Unfortunately, a significant amount of code depends on this distinction
that it would be difficult to migrate users from v1 to v2 unless we
preserved similar semantics in the v2 proto.Equal.

Also, double down on these semantics for protocmp.Transform.

Fixes #965

Change-Id: I21e78ba6251401a0ac0ccf495188093973cd7f3f
Reviewed-on: https://go-review.googlesource.com/c/protobuf/+/213238
Reviewed-by: Damien Neil <dneil@google.com>
2020-01-06 19:37:38 +00:00
Damien Neil
d0b074956d proto: rearrange test messages
Move the test inputs for the wire marshaler and unmarshaler out of
decode_test.go and into a new file.
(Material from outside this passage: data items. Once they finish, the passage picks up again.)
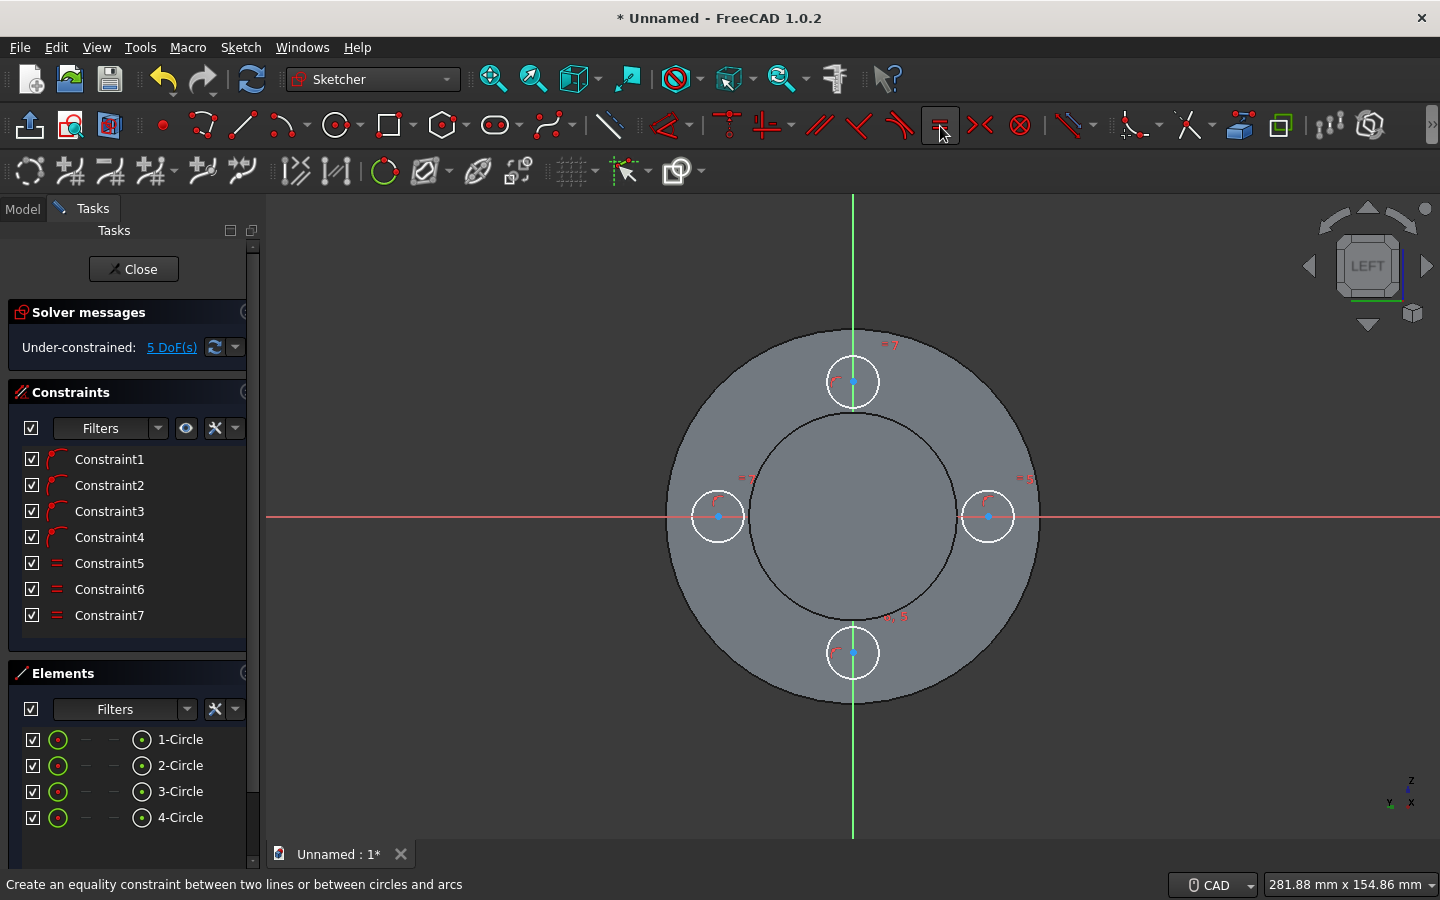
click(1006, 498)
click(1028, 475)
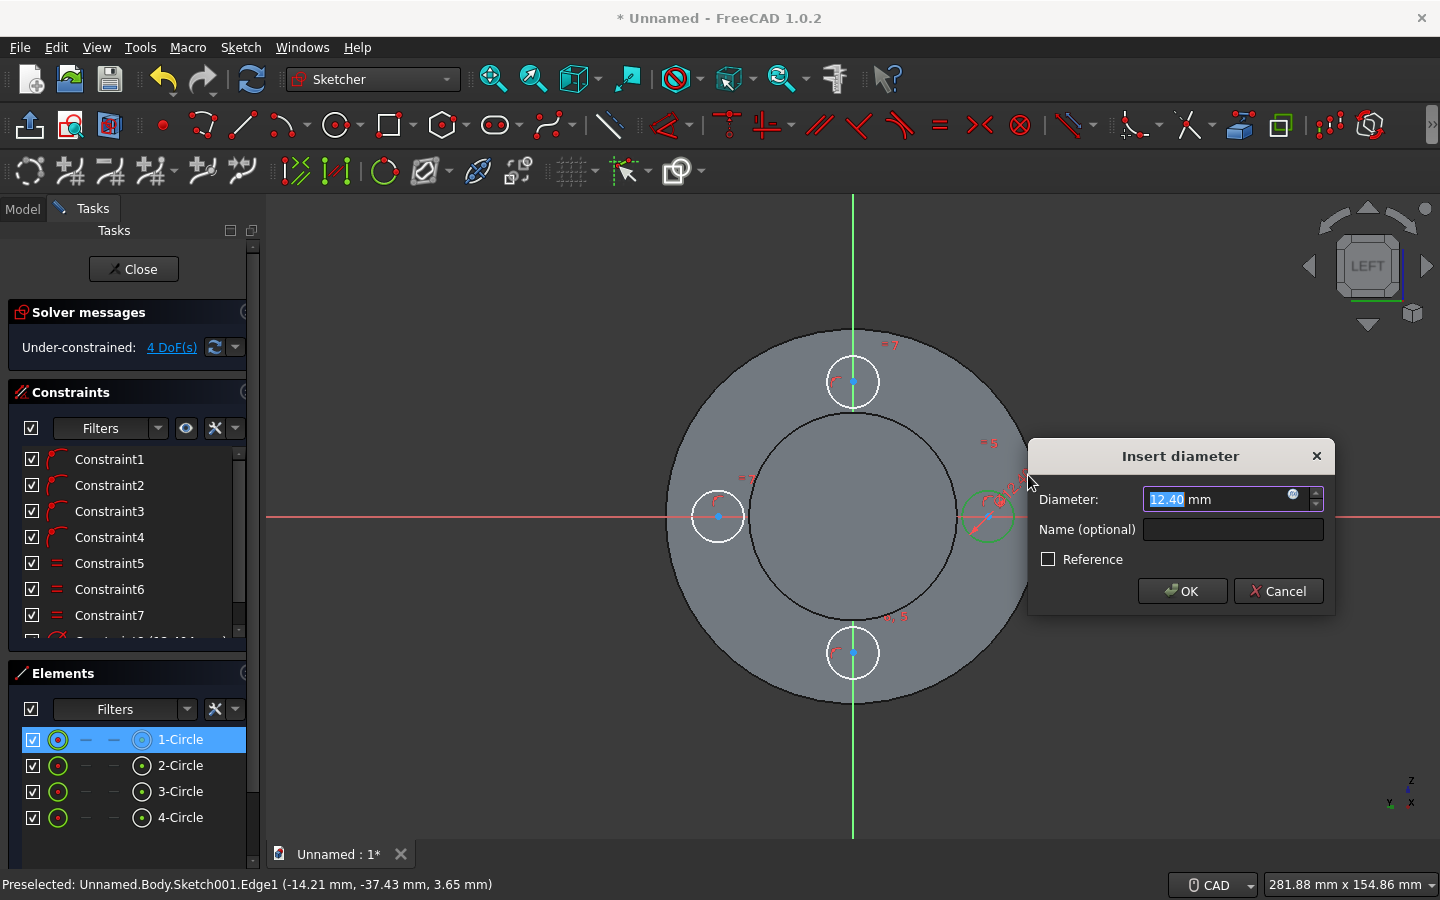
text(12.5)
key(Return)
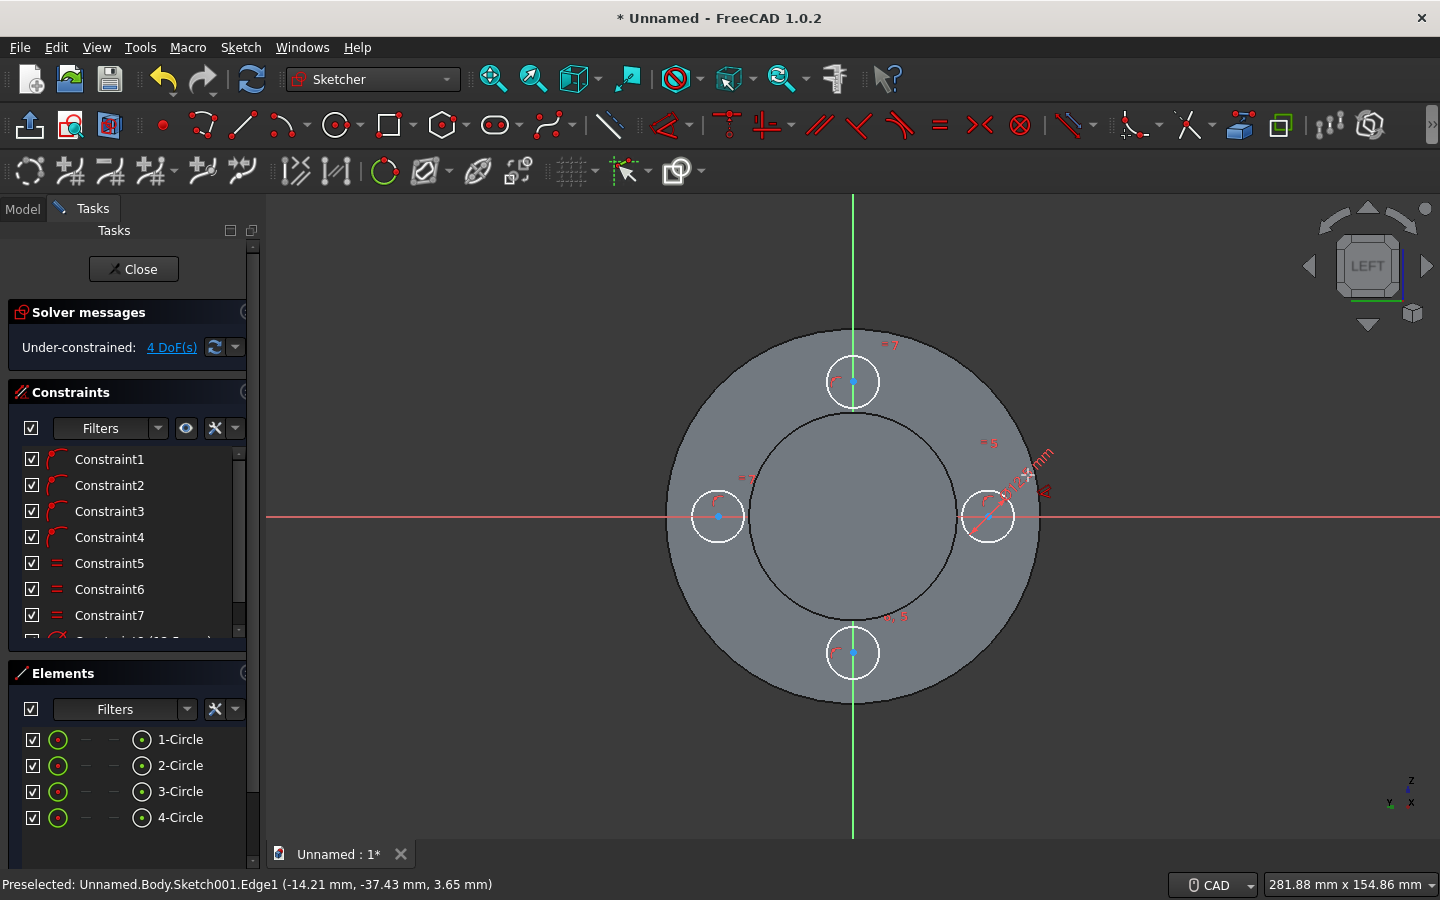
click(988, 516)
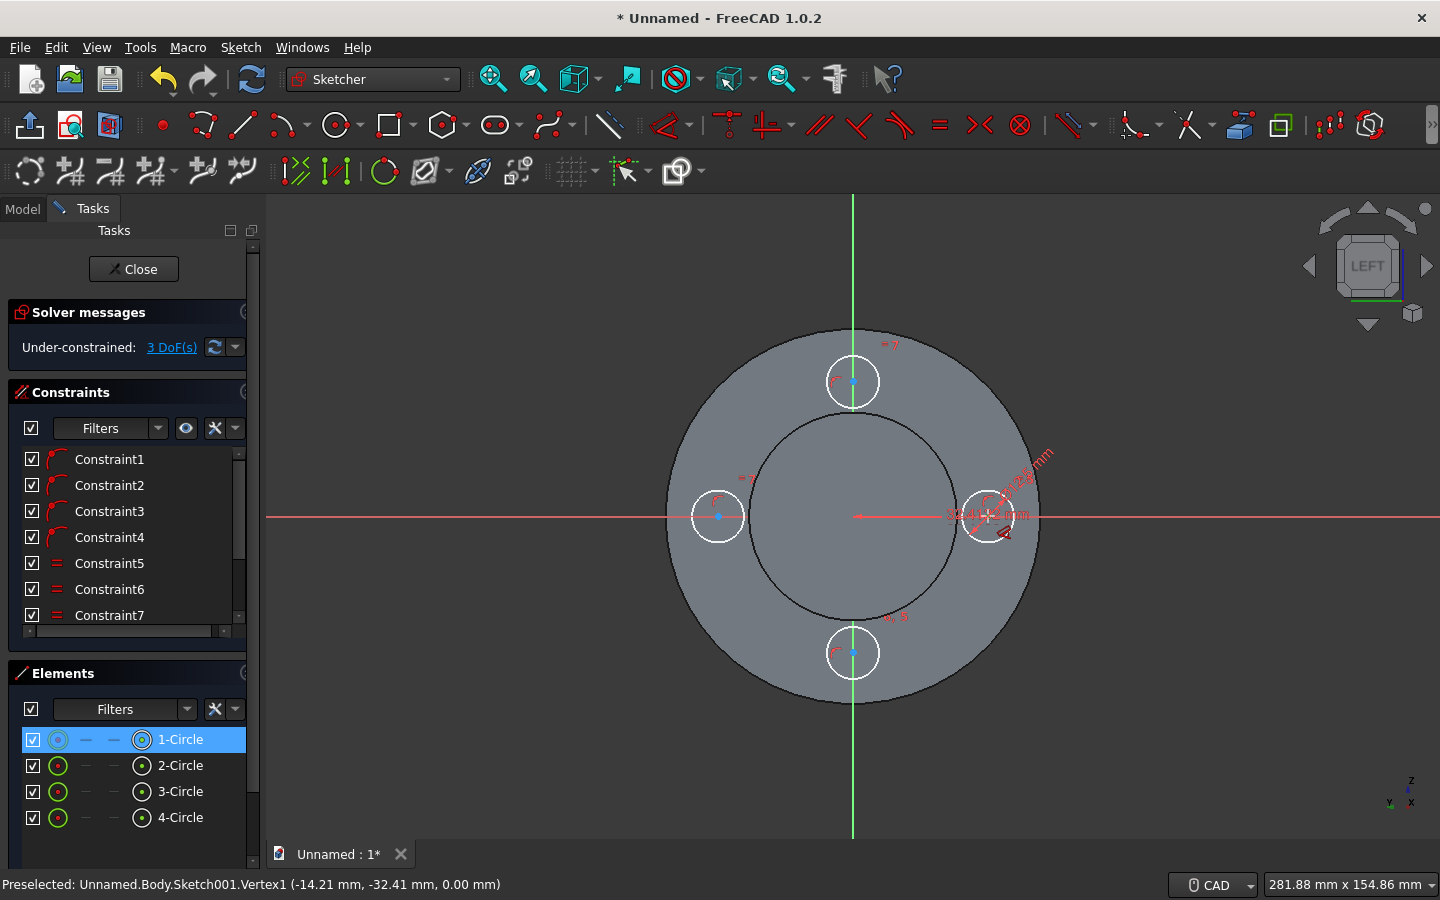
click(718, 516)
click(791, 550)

Consolidate some tests for invalid
messages (UTF-8 validation failures, field numbers out of range) into
a single list of invalid messages. Break out the no-enforce-utf8 test
into a separate file, since it is both complicated and conditional on
legacy support.

Change-Id: Ide80fa9d3aec2b6d42a57e6f9265358aa5e661a7
Reviewed-on: https://go-review.googlesource.com/c/protobuf/+/211557
Reviewed-by: Joe Tsai <joetsai@google.com>
2019-12-16 21:49:56 +00:00
Damien Neil
01c0e8d680 proto, internal/impl: make wire output more consistent with v1
The v1 wire marshaler sorts fields as follows:
  - All extensions, sorted by field number.
  - All non-oneof fields, sorted by field number.
  - All oneof fields, in indeterminate order.

We already make some steps toward supporting this ordering: The
fast path encoder places extensions in sorted order at the start
of the message.

This commit moves oneof fields to the end of the message, makes the
reflection-based encoder use this ordering when deterministic marshaling
is enabled, and adds a test to catch unintentional changes to the
ordering.

Users SHOULD NOT depend on stability of the marshal output. It is
subject to change over time. Without deterministic marshaling enabled,
it is subject to change over calls to Marshal.

Change-Id: I6cfd89090d790a3bb50785f32b94d2781d7d08db
Reviewed-on: https://go-review.googlesource.com/c/protobuf/+/206800
Reviewed-by: Joe Tsai <thebrokentoaster@gmail.com>
2019-11-12 20:59:03 +00:00
Damien Neil
1e5516a4c2 proto: improve slice growth in MarshalAppend
When allocating more space for the destination message in MarshalAppend,
use the same slice growth algorithm as the Go runtime's append rather
than allocating precisely the desired space.

Change-Id: If6033f6f7abdca473bc5188c4d3938ce57d3bdd2
Reviewed-on: https://go-review.googlesource.com/c/protobuf/+/197758
Reviewed-by: Joe Tsai <joetsai@google.com>
2019-09-28 01:00:09 +00:00
Joe Tsai
9b22b9382e internal/impl: treat a nil oneof wrapper as if it were unset
The old implementation had the behavior where a nil wrapper value:
	m := new(foopb.Message)
	m.OneofField = (*foopb.Message_OneofUint32)(nil)
was functionally equivalent to it being directly set to nil:
	m := new(foopb.Message)
	m.OneofField = nil
preserve this semantic in both the table-drive implementation
and the reflection implementation.

Change-Id: Ie44d51e044d4822e61d0e646fbc44aa8d9b90c1f
Reviewed-on: https://go-review.googlesource.com/c/protobuf/+/189559
Reviewed-by: Herbie Ong <herbie@google.com>
2019-08-16 00:24:53 +00:00
Joe Tsai
1799d1111a all: rename tag and flags for legacy support
Rename build tag "proto1_legacy" -> "protolegacy"
to be consistent with the "protoreflect" tag.

Rename flag constant "Proto1Legacy" -> "ProtoLegacy" since
it covers more than simply proto1 legacy features.
For example, it covers alpha-features of proto3 that
were eventually removed from the final proto3 release.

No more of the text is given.